Input data:

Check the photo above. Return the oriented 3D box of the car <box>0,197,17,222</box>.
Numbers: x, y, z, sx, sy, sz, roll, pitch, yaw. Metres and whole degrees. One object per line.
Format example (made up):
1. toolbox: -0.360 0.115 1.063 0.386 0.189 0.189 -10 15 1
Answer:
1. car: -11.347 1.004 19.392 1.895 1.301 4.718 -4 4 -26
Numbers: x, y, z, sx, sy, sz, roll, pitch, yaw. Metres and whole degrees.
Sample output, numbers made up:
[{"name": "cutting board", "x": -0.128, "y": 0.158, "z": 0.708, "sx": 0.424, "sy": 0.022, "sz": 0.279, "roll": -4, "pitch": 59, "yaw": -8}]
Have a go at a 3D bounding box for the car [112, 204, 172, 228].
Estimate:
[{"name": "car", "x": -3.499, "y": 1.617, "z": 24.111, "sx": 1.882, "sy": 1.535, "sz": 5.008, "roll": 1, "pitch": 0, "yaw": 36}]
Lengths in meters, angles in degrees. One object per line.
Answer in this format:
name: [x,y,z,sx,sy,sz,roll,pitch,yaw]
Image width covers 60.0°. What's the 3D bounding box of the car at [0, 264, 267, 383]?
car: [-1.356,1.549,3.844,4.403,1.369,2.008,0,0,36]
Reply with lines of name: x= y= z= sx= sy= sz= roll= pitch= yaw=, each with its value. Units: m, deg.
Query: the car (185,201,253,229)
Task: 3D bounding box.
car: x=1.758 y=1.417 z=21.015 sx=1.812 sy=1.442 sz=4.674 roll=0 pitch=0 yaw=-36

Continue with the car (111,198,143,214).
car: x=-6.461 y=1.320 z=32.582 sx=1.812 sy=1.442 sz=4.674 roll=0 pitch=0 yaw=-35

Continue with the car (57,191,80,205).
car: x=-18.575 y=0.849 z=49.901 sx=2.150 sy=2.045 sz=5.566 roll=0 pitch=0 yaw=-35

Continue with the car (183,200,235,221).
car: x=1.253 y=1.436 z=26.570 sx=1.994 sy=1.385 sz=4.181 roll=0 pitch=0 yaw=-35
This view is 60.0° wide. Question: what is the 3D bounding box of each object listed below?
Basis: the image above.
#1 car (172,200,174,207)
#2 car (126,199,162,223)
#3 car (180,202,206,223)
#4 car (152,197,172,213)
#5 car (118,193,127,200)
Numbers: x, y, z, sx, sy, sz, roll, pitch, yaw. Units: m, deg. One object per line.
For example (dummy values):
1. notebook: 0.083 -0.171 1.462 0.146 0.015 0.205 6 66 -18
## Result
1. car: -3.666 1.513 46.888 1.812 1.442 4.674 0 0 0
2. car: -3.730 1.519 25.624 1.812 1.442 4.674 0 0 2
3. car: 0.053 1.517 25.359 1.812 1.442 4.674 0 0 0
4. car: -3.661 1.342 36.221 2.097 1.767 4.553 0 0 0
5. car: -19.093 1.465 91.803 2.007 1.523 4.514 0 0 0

Task description:
Each record must be copied out exactly and in full.

Solution for this problem:
Check the photo above. Return the oriented 3D box of the car <box>0,197,17,222</box>.
Numbers: x, y, z, sx, sy, sz, roll, pitch, yaw. Metres and whole degrees. One object per line.
Format example (made up):
1. toolbox: -0.360 0.115 1.063 0.386 0.189 0.189 -10 15 1
Answer:
1. car: -11.347 1.004 19.392 1.895 1.301 4.718 -4 4 -26
Numbers: x, y, z, sx, sy, sz, roll, pitch, yaw. Metres and whole degrees.
Sample output, numbers made up:
[{"name": "cutting board", "x": -0.128, "y": 0.158, "z": 0.708, "sx": 0.424, "sy": 0.022, "sz": 0.279, "roll": -4, "pitch": 59, "yaw": -8}]
Have a go at a 3D bounding box for the car [112, 204, 172, 228].
Estimate:
[{"name": "car", "x": -3.499, "y": 1.617, "z": 24.111, "sx": 1.882, "sy": 1.535, "sz": 5.008, "roll": 1, "pitch": 0, "yaw": 36}]
Lengths in meters, angles in degrees. One object per line.
Answer in this format:
name: [x,y,z,sx,sy,sz,roll,pitch,yaw]
Image width covers 60.0°. What's the 3D bounding box of the car at [0, 264, 267, 383]?
car: [-1.356,1.549,3.844,4.403,1.369,2.008,0,0,36]
Reply with lines of name: x= y= z= sx= sy= sz= roll= pitch= yaw=, each with its value. Units: m, deg.
Query: the car (185,201,253,229)
Task: 3D bounding box.
car: x=1.758 y=1.417 z=21.015 sx=1.812 sy=1.442 sz=4.674 roll=0 pitch=0 yaw=-36

Continue with the car (111,198,143,214).
car: x=-6.461 y=1.320 z=32.582 sx=1.812 sy=1.442 sz=4.674 roll=0 pitch=0 yaw=-35

Continue with the car (57,191,80,205).
car: x=-18.575 y=0.849 z=49.901 sx=2.150 sy=2.045 sz=5.566 roll=0 pitch=0 yaw=-35

Continue with the car (183,200,235,221).
car: x=1.253 y=1.436 z=26.570 sx=1.994 sy=1.385 sz=4.181 roll=0 pitch=0 yaw=-35
This view is 60.0° wide. Question: what is the 3D bounding box of each object listed below?
Basis: the image above.
#1 car (172,200,174,207)
#2 car (126,199,162,223)
#3 car (180,202,206,223)
#4 car (152,197,172,213)
#5 car (118,193,127,200)
Numbers: x, y, z, sx, sy, sz, roll, pitch, yaw. Units: m, deg. One object per line.
For example (dummy values):
1. notebook: 0.083 -0.171 1.462 0.146 0.015 0.205 6 66 -18
## Result
1. car: -3.666 1.513 46.888 1.812 1.442 4.674 0 0 0
2. car: -3.730 1.519 25.624 1.812 1.442 4.674 0 0 2
3. car: 0.053 1.517 25.359 1.812 1.442 4.674 0 0 0
4. car: -3.661 1.342 36.221 2.097 1.767 4.553 0 0 0
5. car: -19.093 1.465 91.803 2.007 1.523 4.514 0 0 0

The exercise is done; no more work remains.